Estimó que no se requiere que la conducta  delictiva  base  esté  “judicialmente  declarada”,  que  el  tipo  penal no  requiere  de ese “reconocimiento judicial” para encontrar la relación entre  la  específica  conducta  delictiva  base  y  el  lavado  de  dinero,  sino una  “razonable  ilación” entre el actuar y las diferentes manifestaciones de la  conducta punible de lavado de activos prevista en el artículo 323.   

Para demostrar la responsabilidad penal se  requiere  apreciar  las  exculpaciones del procesado y si no son satisfactorias,  basta  con  una  apreciación  razonable  de los diferentes medios de prueba del  expediente  para  poder  inferir  válidamente  que  se trata de una conducta de  lavado de dinero.   

El  Ministerio  Público  recordó que la  demostración  del  origen  del dinero no está sujeta a un específico elemento  de  prueba  y  tampoco  a  un  pronunciamiento  judicial sobre el punible que lo  origina;    sin  embargo,  dijo,  el  elemento  normativo  del tipo referido a la procedencia del  dinero de una actividad ilícita, sí aparece demostrado.   

En  relación  con  el  segundo  y tercer  cargos  adujo  que, al margen de la técnica de fundamentación de cada censura,  el  argumento  del  recurrente es una réplica abierta a las consideraciones del  juzgador  y  las  motivaciones  del  fallo  vienen  precedidas  de  doble amparo  presuntivo de legalidad y certeza.   

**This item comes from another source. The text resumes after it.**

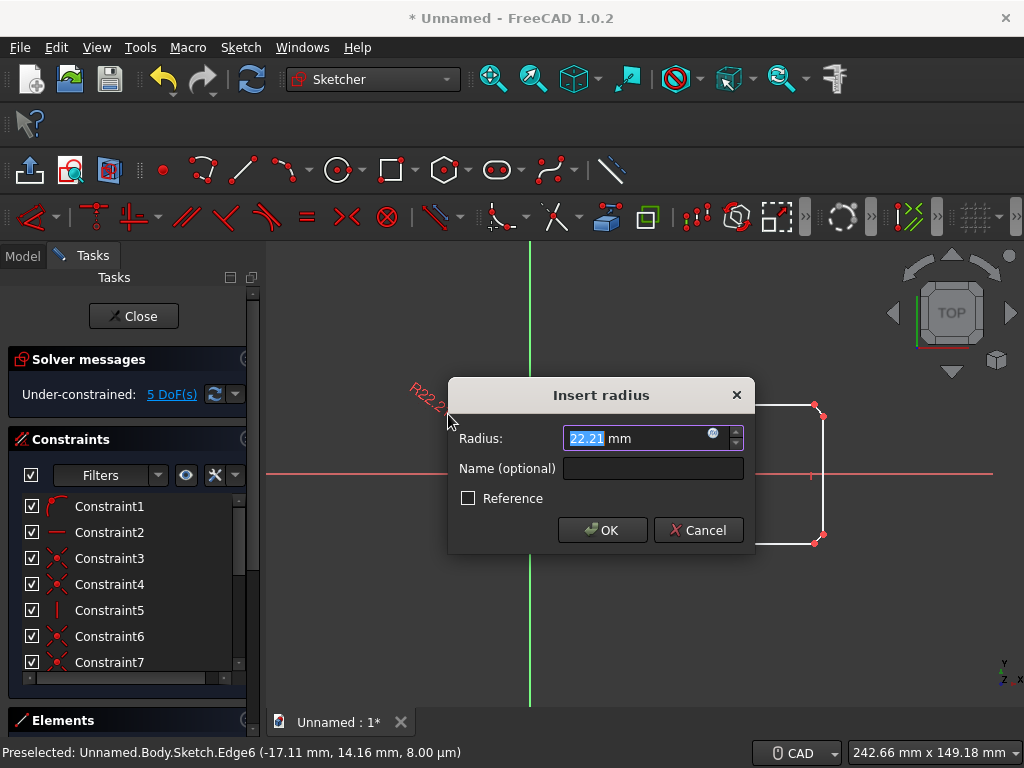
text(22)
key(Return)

       LA CORTE CONSIDERA   

Es competente la Corte Suprema de Justicia  para  resolver el recurso extraordinario de casación propuesto por el opugnador  contra   la   sentencia   proferida   por  el  Tribunal  Superior  de  Florencia  –    Caquetá,   de  conformidad  con el artículo 205 de la Ley 600 de 2000, sin perjuicio del poder  oficioso  que  le confiere el artículo 216 en concordancia con el artículo 206  y el numeral tercero del artículo 207 ib.   

Cargo  primero.   Falso  juicio  de  existencia por suposición   

Sin  soslayar  el  argumento  cierto  del  Ministerio   Público   y   de   las  sentencias  de  instancia,  en  el  sentido  de  haber  demostrado a  cabalidad  que el dinero que se manejó en las cuentas de la sentenciada provino  de  una  organización  al  margen  de la Ley y que eran producto destinado a la  financiación     del     terrorismo,   porque   así   lo   aceptaron  expresamente  algunos  de  los  sentenciados  que  se  sometieron al trámite de sentencia anticipada en aras de  obtener  beneficios  punitivos,  argumento  probatorio  que  de plano excluye la  suposición  probatoria  que  alega el libelista, la Sala reitera la tesis de que el lavado de activos es  una           conducta           autónoma4:   

Para   fundamentar   adecuadamente   la  imputación  por lavado de activos basta con que el sujeto activo de la conducta  no     demuestre     la     tenencia     legítima     de    los    recursos,  para  deducir  con  legitimidad y en sede de sentencia  que  se  trata  de  esa  adecuación  típica  (lavado  de  activos),   porque   en   esencia,  las diversas conductas alternativas  a  que  se refiere la conducta punible no tienen como referente “una decisión  judicial  en firme”, sino la mera declaración judicial de la existencia de la  conducta punible que subyace al delito de lavado de activos.   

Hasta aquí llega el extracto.